Ein Szenario, das die Amerikaner den Deutschen schilderten, wurde allerdings schon im November bezweifelt. Da war die Rede von einer indisch-schiitischen Gruppe, die im Auftrag von Al Qaida in die Bundesrepublik kommen wollte, um Anschläge zu verüben. Es erschien hochgradig dubios, dass Schiiten mit der sunnitischen Al Qaida, die im Irak Schiiten massakriert, gemeinsame Sache machen würden. Die Amerikaner änderten später den Hinweis und sprachen von einem indisch-sunnitischen Trupp.
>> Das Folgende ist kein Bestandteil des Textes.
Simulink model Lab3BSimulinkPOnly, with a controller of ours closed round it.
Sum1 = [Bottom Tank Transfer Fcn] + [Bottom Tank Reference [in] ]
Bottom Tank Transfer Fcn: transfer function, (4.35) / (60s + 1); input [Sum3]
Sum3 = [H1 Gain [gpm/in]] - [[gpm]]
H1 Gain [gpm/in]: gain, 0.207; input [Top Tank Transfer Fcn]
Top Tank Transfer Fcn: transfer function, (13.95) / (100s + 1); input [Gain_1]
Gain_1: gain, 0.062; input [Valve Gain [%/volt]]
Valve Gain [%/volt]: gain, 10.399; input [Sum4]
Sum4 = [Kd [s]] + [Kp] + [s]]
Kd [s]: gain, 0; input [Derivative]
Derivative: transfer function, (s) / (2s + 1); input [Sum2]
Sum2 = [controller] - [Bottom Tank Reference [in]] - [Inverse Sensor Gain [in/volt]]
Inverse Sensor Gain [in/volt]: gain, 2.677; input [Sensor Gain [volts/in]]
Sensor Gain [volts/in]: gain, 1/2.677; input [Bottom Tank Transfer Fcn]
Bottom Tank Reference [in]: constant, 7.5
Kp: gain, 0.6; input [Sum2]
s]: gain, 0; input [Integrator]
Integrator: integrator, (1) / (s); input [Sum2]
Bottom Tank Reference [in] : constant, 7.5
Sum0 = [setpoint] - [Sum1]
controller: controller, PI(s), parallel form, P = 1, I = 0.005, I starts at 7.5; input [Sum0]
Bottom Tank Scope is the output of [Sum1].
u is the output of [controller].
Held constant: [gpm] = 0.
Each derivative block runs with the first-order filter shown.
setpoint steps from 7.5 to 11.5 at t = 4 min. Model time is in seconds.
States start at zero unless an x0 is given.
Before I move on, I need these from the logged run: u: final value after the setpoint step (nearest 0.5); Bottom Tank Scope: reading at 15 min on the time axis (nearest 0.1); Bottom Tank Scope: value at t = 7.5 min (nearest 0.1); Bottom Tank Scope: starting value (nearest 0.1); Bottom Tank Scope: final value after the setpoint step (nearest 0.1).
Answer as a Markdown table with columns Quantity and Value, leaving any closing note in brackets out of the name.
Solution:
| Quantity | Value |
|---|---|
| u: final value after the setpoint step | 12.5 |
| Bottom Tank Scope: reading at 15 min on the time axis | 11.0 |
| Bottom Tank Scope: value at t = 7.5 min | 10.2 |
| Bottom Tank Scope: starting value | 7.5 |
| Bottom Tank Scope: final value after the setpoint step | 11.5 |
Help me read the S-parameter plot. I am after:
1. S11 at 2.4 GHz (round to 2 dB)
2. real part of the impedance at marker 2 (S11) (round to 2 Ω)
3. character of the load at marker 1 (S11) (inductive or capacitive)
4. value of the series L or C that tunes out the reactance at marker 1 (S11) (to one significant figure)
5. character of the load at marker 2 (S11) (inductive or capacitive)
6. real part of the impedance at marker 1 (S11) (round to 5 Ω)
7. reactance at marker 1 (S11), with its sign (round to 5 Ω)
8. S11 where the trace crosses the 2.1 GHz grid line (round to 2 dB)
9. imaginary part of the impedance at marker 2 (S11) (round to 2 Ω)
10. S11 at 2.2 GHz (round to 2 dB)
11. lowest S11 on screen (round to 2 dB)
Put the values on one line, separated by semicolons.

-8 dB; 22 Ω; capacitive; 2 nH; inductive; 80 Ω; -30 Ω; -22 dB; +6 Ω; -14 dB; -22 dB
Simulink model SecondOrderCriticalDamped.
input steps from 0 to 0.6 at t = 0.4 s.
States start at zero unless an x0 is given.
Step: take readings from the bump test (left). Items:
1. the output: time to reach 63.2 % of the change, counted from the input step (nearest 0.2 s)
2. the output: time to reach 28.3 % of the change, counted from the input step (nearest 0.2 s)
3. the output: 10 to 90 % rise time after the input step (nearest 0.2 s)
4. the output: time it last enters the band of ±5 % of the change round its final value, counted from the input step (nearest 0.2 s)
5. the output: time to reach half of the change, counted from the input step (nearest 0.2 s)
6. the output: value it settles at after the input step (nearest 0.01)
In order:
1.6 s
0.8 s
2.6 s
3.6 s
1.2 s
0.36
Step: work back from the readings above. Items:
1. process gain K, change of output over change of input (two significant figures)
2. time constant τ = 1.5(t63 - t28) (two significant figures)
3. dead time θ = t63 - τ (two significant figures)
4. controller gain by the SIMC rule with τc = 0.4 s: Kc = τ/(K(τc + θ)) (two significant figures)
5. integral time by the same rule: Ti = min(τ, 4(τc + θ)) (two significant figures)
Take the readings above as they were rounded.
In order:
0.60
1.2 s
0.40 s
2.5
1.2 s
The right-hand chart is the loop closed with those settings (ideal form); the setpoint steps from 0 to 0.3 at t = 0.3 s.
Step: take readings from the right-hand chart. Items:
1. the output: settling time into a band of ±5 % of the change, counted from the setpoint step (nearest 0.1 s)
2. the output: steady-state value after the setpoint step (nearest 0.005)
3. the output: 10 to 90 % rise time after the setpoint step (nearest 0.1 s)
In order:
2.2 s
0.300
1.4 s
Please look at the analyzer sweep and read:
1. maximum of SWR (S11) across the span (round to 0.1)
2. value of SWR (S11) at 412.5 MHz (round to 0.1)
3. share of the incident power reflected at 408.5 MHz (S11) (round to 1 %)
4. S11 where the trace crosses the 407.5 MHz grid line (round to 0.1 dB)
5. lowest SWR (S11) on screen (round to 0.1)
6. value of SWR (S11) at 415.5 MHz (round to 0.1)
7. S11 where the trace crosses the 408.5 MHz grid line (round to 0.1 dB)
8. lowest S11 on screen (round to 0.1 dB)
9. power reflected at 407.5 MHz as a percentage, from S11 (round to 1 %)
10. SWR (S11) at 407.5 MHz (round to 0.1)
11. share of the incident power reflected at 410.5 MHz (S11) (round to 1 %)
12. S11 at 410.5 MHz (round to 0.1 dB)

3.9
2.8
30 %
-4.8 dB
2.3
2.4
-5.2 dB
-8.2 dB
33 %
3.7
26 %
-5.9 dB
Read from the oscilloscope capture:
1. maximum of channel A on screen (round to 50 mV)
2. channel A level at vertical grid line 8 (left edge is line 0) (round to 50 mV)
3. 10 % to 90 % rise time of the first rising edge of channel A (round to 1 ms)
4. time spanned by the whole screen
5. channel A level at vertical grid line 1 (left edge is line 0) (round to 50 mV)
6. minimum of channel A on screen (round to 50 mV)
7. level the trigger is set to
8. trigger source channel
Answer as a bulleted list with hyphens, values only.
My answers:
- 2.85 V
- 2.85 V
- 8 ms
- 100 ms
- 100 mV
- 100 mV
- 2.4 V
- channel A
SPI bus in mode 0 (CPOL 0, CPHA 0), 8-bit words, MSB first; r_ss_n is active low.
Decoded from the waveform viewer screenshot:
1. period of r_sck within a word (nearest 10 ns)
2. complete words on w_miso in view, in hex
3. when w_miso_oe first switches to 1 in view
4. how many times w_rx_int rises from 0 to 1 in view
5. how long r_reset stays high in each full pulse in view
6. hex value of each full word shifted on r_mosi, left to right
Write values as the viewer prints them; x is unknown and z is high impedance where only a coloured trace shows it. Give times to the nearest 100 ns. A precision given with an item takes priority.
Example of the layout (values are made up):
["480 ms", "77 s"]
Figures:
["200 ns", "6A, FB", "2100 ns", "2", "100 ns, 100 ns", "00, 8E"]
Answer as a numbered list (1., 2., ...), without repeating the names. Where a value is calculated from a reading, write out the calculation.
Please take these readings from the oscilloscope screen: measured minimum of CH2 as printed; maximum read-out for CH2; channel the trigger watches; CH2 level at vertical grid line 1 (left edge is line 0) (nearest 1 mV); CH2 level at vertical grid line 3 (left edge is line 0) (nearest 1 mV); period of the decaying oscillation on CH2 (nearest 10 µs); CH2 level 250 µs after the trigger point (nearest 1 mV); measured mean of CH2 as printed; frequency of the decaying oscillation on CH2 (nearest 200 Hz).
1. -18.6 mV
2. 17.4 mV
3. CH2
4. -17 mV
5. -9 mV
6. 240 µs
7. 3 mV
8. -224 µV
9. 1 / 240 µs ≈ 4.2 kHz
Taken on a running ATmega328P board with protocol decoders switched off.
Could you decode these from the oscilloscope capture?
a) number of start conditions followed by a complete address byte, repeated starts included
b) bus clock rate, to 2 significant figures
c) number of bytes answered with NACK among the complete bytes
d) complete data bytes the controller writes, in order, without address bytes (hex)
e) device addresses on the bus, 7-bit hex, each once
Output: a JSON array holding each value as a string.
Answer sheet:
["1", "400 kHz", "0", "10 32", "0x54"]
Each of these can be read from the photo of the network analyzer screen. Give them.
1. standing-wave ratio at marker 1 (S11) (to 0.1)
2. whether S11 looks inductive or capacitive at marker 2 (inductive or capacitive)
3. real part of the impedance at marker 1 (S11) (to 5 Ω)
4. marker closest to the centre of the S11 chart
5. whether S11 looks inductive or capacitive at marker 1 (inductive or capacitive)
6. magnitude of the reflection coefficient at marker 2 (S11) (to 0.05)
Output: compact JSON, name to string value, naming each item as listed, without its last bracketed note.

Doch die ganze Geschichte gilt heute in Sicherheitskreisen als „wenig plausibel“.

Viele Experten halten allerdings die Warnung de Maizières für richtig. Verwiesen wird auf die „verdichtete Quellenlage“, die es im November gegeben habe. Da waren nicht nur die Anrufe des Dschihadisten und die Hinweise der Amerikaner. Seit dem Sommer gingen auch Informationen aus den Verhören von zwei festgenommenen, aus der Bundesrepublik stammenden Dschihadisten ein. Im Juni war in Pakistan der Deutsch-Syrer Rami M. ins Netz gegangen, im Juli erwischten die Amerikaner in Afghanistan den Deutsch-Afghanen Ahmed S. Beide Männer haben über mögliche Anschläge in Deutschland gesprochen, die Al Qaida geplant haben soll. Da die Aussagen von M. und S. in Teilen übereinstimmen, halten Sicherheitsexperten sie für „plausibel“.

Und dann waren da noch die zwei Paketbomben, die Al Qaida Ende Oktober vom Jemen aus in Frachtflugzeugen losgeschickt hatte. Eine Bombe wurde auf dem Flughafen Köln-Bonn in eine Maschine umgeladen, die nach England flog. Als die Sprengsätze entdeckt wurden, war der Schrecken gewaltig.

Auch wenn der Alarm des Ministers zehn Wochen später nicht mehr ganz so dringlich erscheint, bleibt die Terrorgefahr hoch. Experten verweisen auf die Anschläge in Stockholm und Moskau und betonen, die Einreise eines Kommandos, das um sich schießt, sei weiter zu befürchten. Außerdem seien seit dem Herbst etwa zehn Islamisten in Richtung Pakistan ausgereist, darunter Eltern mit Kind.

De Maizière, so ist häufig in Sicherheitskreisen zu hören, werde demnächst eine Erklärung zur Terrorgefahr abgeben. Und zur Notwendigkeit, gegen seine Gewohnheit Alarm gerufen zu haben.